Son mariage ne serait-il pas un obstacle à sa carrière ?
La naïve, l'aveugle petite chose. Ainsi elle était dupe des absurdités que se plaisent à débiter certains journalistes ? Je la raisonnai de mon mieux, aussi est-elle maintenant une petite artiste très appréciée. Je ne puis naturellement pas vous dire son nom. Si elle atteint un jour la célébrité, une habile publicité informera l'univers qu'elle vient d'avoir 19 ans et, comme son mari n'est pas un artiste en renom, mais un honnête businessman, son existence sera tenue secrète.
Des nombreuses illusions que nourrit le public, deux sont particulièrement fréquentes. La première, sur l'extrême jeunesse de nos principales stars ; la seconde sur le célibat volontaire auquel elles se vouent par amour de l'art. Faites une liste de vos favorites et je suis certaine que les vraies grandes artistes qui figureront sur cette liste seront tout au moins près de la - hum! - trentaine. Pratiquement, presque toutes sont mariées. Voyez Nazimova, Mary Pickford, Norma Talmadge, Maë Murray, Gloria Swanson, Elsie Ferguson, Madge Kennedy, Priscilla Dean, Anita Stewart, Marguerite Clark, Dorothy Philips, Corinne Griffith, Alice Joyce, Ethel Clayton, Vivian Martin, Jane Novak, Maë Marsh, Viola Dana, etc. Je parle d'après les faits, non d'après les fables.
La délicieuse Mae Murray.
Le mariage entrave rarement une carrière si le désir d'arriver est fort et sincère, c'est pourquoi je conseille à n'importe quelle jeune fille de se marier si cela doit être. Je crois pouvoir prouver à mes lecteurs que les plus grandes artistes sont celles qui aiment le plus et, à mon avis, une jeune fille doit apprendre à aimer ; c'est le premier pas dans la direction de la scène et de l'écran. Je puis aussi prouver qu'il est presque impossible à une femme jeune et non mariée, que ce soit au point de vue psychologique ou spirituel, d'être une bonne artiste, alors qu'une femme mariée, d'une trentaine d'années, peut, avec l'aide d'un léger maquillage, interpréter sympathiquement cette période de la vie lorsqu'une jeune sans expérience ne peut naturellement pas tenir le rôle d'une femme plus âgée qu'elle.

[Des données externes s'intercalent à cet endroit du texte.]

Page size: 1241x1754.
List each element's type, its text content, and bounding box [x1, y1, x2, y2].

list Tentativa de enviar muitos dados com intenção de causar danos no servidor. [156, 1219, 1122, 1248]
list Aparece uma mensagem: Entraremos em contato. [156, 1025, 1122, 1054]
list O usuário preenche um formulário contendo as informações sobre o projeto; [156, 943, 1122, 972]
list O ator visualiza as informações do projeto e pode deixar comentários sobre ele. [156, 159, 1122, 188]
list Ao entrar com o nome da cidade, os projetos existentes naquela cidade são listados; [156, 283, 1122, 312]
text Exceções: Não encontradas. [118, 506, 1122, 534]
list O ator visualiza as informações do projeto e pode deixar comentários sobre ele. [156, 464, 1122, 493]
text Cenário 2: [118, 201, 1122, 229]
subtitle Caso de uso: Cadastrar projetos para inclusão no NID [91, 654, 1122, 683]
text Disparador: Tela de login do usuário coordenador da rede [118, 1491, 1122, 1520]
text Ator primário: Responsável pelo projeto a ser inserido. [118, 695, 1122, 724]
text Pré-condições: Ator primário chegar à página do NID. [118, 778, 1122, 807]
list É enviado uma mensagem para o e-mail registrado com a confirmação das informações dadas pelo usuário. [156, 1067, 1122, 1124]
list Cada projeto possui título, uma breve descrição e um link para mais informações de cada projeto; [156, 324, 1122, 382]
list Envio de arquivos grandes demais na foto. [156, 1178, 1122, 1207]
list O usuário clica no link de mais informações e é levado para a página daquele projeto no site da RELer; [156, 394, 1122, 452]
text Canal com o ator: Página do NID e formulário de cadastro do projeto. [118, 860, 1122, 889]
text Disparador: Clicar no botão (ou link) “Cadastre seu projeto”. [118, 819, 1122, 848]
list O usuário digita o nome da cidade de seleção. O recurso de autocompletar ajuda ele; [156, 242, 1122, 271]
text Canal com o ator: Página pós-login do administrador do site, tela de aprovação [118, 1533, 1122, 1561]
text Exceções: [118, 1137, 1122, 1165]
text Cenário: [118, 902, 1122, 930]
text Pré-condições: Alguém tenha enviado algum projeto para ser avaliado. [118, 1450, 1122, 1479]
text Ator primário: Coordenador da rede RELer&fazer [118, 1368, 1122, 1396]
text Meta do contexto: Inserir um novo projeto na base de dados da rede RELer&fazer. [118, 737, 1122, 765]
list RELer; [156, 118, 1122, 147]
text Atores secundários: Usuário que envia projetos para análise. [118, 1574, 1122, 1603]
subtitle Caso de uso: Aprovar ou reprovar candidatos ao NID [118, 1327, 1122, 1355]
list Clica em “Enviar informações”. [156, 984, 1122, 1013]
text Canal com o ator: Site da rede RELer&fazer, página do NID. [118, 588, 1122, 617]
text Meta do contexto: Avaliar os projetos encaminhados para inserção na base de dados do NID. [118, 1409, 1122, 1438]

Le mariage apporte une aide au développement artistique et esthétique. Une artiste heureusement mariée est plus pate à posséder la pondération, l'élasticité, l'énergie mentales. Elle est toute désignée pour exprimer la vie dans ses plus pathétiques et douloureux moments.
L'écran est le reflet de notre manière de vivre, car chaque geste, chaque mouvement communique à notre audience le langage muet, le langage sublime de toute création, qui est lui-même la création, l'amour, Dieu.
Personnellement, je suis mariée depuis sept ans à mon auteur-directeur King Vidor, nous avons une fillette de 2 ans, le portrait de son père, ce qui ne m'empêche pas - j'étais près de l'oublier - d'avoir, pour le public, toujours 19 ans.